Of the hostiles, Sitting Bull, his son Crow Foot, Black Bear, Catch the Bear, Little Assiniboine, Chief Spotted Horn Bull, Brave Thunder, and another Chief were killed and many others wounded but taken away by their friends.
The command of the force of 42 police and 3 volunteers fell upon First Duty Sergeant Red Tomahawk, sent through a horseman to inform the troops under Fechet, then gathered his forces within the log house and successfully stood off the hostiles until relief arrived.
The hostiles fled up the Grand River under the leadership of Si-Tanka (Big Foot). The bodies of the dead policemen and Sitting Bull were then placed in an army wagon and delivered to the authorities at Fort Yates, where the police were given military honors at burial and the body of Sitting Bull was buried in a corner of the Military Cemetery, where it still is – a place of much interest.

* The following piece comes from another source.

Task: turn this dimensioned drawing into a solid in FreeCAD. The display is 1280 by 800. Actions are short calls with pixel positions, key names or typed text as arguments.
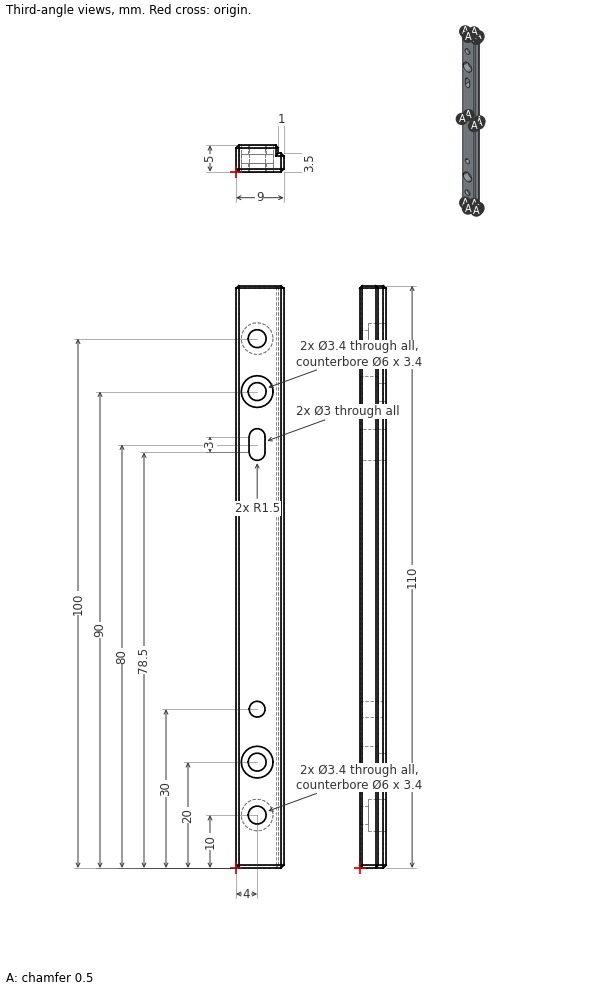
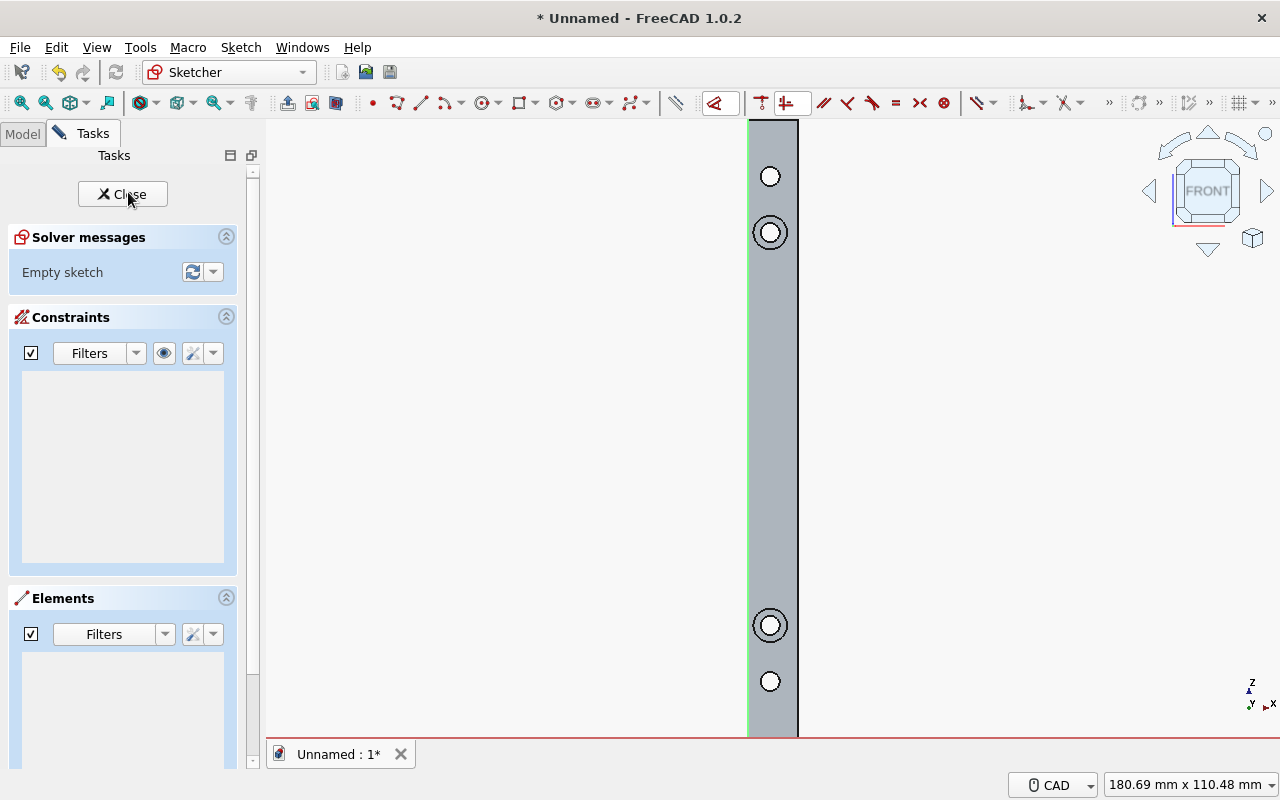
scroll(439, 147, down, 1)

The dead hostiles were buried sometime later, by Missionary T. L. Riggs, at the place where they fell.
The hostiles were rounded up within a short time in the southern part of South Dakota and the attempt to disarm them met with disaster; a fight was precipitated and about 300 Indians and several soldiers were killed. This was at Wounded Knee. The least said about this fight, the better. It is not a particularly bright page of army history.
With the death of Sitting Bull quickly followed by the Wounded Knee affair, the backbone of Indian resistance was broken in the northwest and no cause for unrest nor danger of a border was has since then been experienced, and “All is quiet on the Western Front.”